Objective: The irregular growth and proliferation of cells in the brain and skull is named brain tumor, which is a special serious type of tumor due to its location. Nowadays, brain tumor is diagnosed by using imaging techniques such as computed tomography, positron emission tomography, single photon emission computed tomography, infrared imaging, magnetic resonance imaging (MRI), and functional MRI. However, these methods are not affordable to be used as screening tests. In contrast, electroencephalography has the ability of measuring biological signals, and it is a cost-effective and non-dangerous tool, being feasible to be used for screening purposes. The aim of this research was to evaluate the possibility of brain tumor detection, using functional connectivity features extracted from steady-state visually evoked potentials of eight brain tumor patients and four healthy control participants.
Methods: For this purpose, after preprocessing, phase lag index was calculated as a functional connectivity measure. Afterward, four of the channels were chosen as the selected nodes, based on the highest number of strong connectivity (top 5%) as well as the most significant ones. The selected nodes were O1, O2, P3, and P4. As a final step, node strength was calculated for these selected nodes, which was used to classify the samples in the two groups, using Naïve Bayes, discriminant analysis (DA), k-nearest neighbors, support vector machines, and logistic regression methods.
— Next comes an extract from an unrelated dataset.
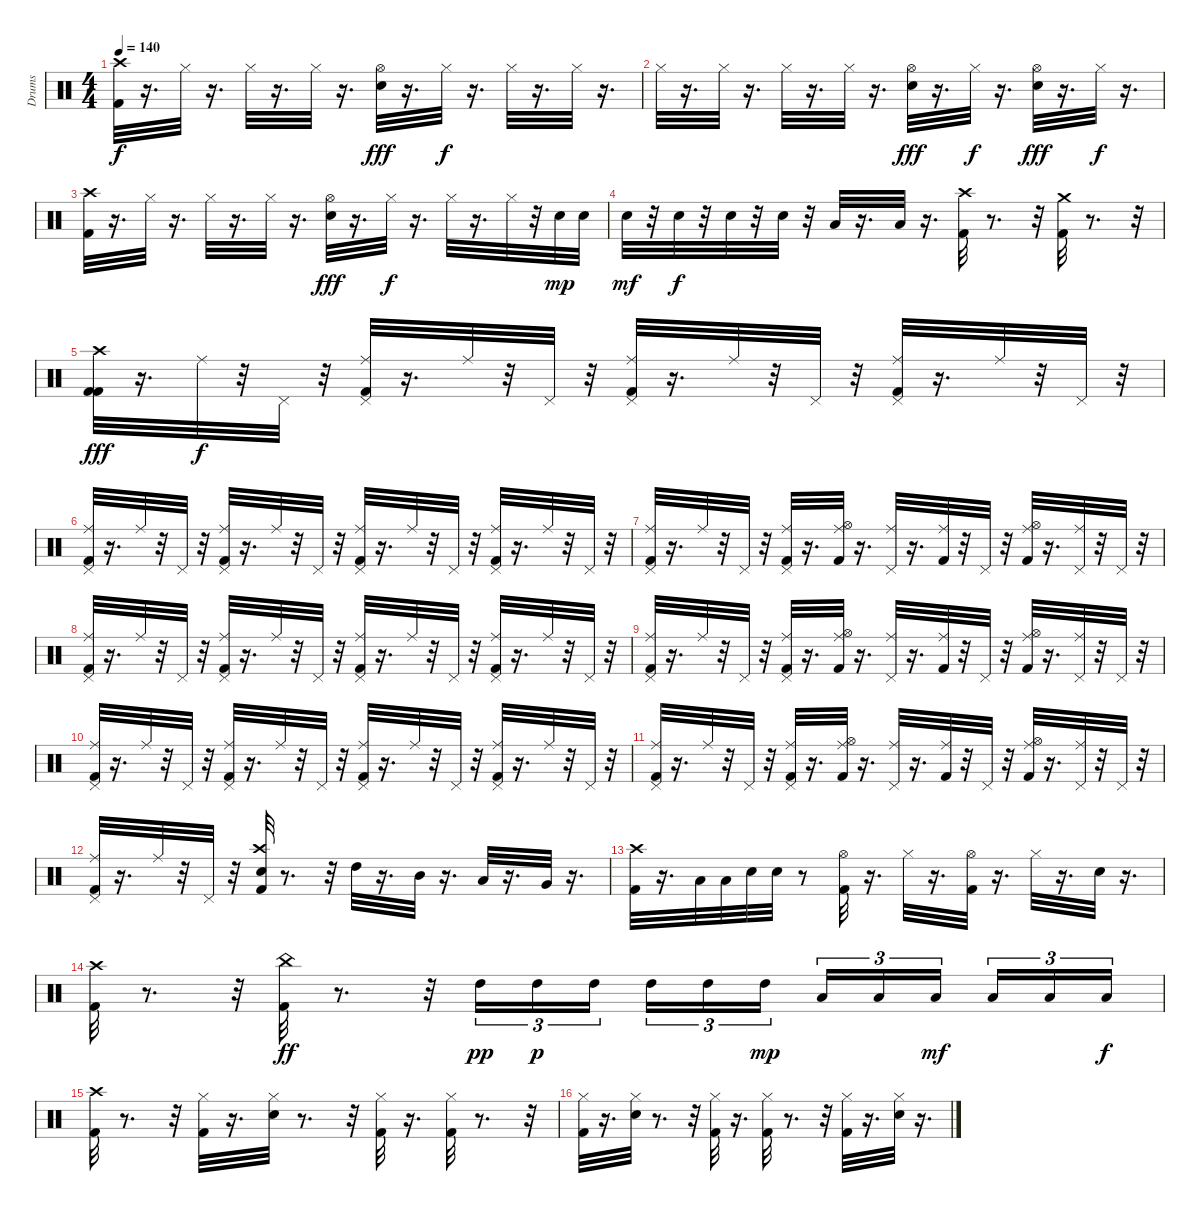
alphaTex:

Results: The highest accuracy of 89.6% was obtained by using a DA classifier. This result shows that, in fact, brain tumor has the ability of changing brain functional connectivity.
Conclusion: As the physiological alterations may occur sooner than the anatomical ones in tumor onset, detection of these alterations may be a useful measure for early diagnosis of this disease. This is still a primary study, but with the possibility of leading to further research, which can lead to the development of a method for the screening and early detection of brain tumor.
Imaging modalities are often used to diagnose brain tumors. However, these approaches are cost prohibitive for screening tests. Electroencephalography, a method that measures biological signals from the brain, on the other hand, is cost-effective, non-dangerous, and non-invasive, making it an ideal screening tool. The goal of this study is to analyze whether functional connectivity patterns taken from Steady-State Visually Evoked Potentials may be used to detect brain tumors at early stages. Since physiological changes occur before anatomical ones in tumor development, monitoring these alterations could be a useful tool to screen high-risk individuals, and also to an early diagnosis of the disease.